The exercises commenced on 10 September, involving 200,000 military personnel, 760 units of military equipment (including over 80 aircraft and helicopters, more than 290 tanks, 240 guns, multiple rocket launchers, and mortars), and 15 ships. They commenced simultaneously at 14 military ranges: Kirilovsky, Strugi Krasnye, Mulino, Pogonovo, Khmelevka, Pravdinsky, Dobrovolsky, Dorogobuzh, and Volsky, located on the territory of the Russian Federation, in the Baltic Sea, as well as at five ranges in the Republic of Belarus — Obuz-Lesnovsky, Brest, Chepelevo, Domanovsky, and Ruzhansky. The opening of the exercises took place in Mulino near Nizhny Novgorod.

The tactical concept of the Zapad-2021 exercises was standard: repelling the enemy's attack, drawing the enemy in, encircling, destroying, and going on the offensive.

The defending units were supported by 12 divisions (140 guns) of modernized self-propelled howitzers "Msta-S" (providing the so-called "Fire Shaft").
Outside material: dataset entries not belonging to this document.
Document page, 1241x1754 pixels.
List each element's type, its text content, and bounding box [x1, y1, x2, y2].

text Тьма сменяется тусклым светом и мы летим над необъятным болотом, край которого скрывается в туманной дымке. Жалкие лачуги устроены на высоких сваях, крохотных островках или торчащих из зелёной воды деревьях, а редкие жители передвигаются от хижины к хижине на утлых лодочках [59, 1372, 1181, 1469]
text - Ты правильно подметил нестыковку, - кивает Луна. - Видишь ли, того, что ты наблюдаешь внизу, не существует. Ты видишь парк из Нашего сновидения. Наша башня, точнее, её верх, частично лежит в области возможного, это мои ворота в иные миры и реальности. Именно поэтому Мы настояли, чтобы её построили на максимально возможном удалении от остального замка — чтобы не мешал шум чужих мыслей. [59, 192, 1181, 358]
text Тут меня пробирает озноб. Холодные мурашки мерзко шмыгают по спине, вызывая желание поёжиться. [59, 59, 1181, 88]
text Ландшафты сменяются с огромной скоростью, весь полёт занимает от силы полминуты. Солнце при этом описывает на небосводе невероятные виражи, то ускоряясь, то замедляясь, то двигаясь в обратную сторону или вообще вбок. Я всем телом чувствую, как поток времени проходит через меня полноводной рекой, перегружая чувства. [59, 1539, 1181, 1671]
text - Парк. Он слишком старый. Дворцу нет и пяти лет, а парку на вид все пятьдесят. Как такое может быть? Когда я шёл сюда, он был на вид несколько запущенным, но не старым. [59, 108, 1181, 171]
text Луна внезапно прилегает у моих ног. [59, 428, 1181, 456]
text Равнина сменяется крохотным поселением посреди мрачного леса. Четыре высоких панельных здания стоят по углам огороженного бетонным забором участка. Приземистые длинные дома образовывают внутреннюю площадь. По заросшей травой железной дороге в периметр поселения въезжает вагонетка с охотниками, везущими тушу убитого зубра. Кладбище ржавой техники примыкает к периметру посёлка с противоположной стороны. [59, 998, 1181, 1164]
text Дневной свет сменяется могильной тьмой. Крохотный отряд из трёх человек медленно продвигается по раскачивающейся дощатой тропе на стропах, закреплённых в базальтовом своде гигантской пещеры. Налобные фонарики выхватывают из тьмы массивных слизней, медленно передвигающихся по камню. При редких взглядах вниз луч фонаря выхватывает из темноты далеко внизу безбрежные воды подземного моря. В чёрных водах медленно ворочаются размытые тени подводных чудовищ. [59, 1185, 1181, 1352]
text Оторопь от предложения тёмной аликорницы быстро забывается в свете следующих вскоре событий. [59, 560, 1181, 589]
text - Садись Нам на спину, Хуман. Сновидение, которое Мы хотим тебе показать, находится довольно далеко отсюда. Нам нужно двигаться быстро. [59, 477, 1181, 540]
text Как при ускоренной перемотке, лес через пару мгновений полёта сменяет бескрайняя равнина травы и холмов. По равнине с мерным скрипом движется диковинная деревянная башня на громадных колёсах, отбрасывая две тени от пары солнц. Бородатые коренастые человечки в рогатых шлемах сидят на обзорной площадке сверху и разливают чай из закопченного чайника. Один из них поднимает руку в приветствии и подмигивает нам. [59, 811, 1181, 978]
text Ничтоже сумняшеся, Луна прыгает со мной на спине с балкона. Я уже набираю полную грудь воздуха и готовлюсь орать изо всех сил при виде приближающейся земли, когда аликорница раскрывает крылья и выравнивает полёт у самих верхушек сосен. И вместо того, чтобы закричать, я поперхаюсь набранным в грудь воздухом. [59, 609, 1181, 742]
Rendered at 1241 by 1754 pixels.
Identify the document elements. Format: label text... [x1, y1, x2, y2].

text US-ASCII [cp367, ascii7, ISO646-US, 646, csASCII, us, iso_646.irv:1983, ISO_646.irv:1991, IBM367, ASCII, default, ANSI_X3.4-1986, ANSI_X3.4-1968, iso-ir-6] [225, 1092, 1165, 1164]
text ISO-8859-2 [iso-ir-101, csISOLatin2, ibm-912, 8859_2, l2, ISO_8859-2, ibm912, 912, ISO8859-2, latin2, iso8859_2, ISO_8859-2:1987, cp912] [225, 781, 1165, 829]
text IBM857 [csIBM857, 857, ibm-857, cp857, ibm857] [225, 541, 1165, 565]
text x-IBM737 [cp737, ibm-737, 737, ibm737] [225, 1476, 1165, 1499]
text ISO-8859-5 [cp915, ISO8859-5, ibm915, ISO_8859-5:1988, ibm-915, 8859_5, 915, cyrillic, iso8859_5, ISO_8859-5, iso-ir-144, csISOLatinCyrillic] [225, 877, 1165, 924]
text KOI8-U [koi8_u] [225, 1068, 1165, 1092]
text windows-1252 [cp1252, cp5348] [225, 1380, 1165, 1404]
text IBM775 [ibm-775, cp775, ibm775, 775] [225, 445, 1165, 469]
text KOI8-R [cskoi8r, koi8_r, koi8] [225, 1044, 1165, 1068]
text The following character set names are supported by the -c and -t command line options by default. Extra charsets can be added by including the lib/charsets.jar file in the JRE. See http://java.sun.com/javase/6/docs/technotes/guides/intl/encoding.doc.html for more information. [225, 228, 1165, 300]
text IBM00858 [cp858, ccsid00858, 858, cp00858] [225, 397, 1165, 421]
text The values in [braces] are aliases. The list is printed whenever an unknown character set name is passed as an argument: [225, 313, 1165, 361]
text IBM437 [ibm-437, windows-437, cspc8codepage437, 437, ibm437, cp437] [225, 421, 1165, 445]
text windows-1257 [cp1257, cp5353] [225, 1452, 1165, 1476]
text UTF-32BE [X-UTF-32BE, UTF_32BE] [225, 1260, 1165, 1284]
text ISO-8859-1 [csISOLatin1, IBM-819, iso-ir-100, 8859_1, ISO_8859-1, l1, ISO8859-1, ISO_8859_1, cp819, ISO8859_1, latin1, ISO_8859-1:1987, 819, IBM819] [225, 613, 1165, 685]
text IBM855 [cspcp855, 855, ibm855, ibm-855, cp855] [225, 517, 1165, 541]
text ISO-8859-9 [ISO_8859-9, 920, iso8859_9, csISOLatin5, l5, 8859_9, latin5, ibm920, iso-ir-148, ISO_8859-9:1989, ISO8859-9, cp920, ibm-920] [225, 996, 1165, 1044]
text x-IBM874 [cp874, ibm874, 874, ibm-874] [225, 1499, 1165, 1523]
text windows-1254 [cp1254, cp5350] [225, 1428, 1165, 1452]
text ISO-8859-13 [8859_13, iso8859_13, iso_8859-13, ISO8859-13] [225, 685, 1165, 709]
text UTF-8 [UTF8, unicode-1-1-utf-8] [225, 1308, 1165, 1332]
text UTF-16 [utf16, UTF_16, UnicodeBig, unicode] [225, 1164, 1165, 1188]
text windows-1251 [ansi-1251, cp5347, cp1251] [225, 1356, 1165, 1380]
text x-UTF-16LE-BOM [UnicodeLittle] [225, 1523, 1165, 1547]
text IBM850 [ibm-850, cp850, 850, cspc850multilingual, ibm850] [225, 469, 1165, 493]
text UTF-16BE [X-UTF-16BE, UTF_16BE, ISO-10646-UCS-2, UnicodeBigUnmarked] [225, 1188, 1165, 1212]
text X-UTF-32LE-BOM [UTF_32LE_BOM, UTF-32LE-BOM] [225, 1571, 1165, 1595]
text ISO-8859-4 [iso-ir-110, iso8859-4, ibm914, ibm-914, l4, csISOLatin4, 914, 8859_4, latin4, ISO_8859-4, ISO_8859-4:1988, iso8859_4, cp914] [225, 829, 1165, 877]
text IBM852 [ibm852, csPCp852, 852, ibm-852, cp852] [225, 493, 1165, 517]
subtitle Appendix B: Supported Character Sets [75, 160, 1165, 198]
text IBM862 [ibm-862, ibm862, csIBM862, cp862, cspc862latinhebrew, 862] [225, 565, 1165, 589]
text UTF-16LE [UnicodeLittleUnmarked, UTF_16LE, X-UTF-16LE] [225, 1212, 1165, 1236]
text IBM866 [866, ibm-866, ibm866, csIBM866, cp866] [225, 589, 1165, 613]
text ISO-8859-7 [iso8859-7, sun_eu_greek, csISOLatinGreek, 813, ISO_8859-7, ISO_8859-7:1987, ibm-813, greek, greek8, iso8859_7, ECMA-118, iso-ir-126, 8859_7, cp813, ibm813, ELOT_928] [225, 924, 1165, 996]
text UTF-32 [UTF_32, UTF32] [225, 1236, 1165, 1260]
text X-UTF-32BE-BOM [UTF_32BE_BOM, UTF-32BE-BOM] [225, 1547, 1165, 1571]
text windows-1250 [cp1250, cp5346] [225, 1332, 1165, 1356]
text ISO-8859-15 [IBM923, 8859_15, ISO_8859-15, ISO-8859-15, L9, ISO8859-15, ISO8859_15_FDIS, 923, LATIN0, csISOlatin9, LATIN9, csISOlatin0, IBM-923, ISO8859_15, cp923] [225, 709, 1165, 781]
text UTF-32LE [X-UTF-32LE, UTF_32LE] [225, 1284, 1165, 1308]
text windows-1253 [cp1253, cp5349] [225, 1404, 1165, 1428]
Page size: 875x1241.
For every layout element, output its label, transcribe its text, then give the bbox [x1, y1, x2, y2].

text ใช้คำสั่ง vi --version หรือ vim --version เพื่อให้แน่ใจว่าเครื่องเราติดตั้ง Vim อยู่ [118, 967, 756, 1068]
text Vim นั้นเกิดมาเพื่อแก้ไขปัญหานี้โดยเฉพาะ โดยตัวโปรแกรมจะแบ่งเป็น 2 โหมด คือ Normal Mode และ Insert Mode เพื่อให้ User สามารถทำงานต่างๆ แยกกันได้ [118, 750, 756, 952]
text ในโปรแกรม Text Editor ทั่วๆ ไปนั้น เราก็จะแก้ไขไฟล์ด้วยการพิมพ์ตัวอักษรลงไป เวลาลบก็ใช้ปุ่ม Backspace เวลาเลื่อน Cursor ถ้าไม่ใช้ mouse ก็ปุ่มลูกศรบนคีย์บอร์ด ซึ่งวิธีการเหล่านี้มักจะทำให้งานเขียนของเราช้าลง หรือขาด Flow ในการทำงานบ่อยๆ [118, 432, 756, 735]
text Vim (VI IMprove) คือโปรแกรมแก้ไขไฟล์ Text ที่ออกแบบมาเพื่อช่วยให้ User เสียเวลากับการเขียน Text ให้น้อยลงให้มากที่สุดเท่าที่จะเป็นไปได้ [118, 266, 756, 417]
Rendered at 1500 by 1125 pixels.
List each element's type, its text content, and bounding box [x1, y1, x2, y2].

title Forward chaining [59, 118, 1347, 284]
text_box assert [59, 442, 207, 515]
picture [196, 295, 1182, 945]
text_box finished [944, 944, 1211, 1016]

At the training grounds in the Kaliningrad Oblast, the military practiced actions to eliminate conditional illegal armed formations in urban conditions, as well as strikes against stationary and mobile targets. For the first time, the Platform-M ground-based robotic complexes were used there - robots armed with grenade launchers and a Kalashnikov assault rifle were successfully utilized by motorized infantry and paratroopers who controlled the process remotely.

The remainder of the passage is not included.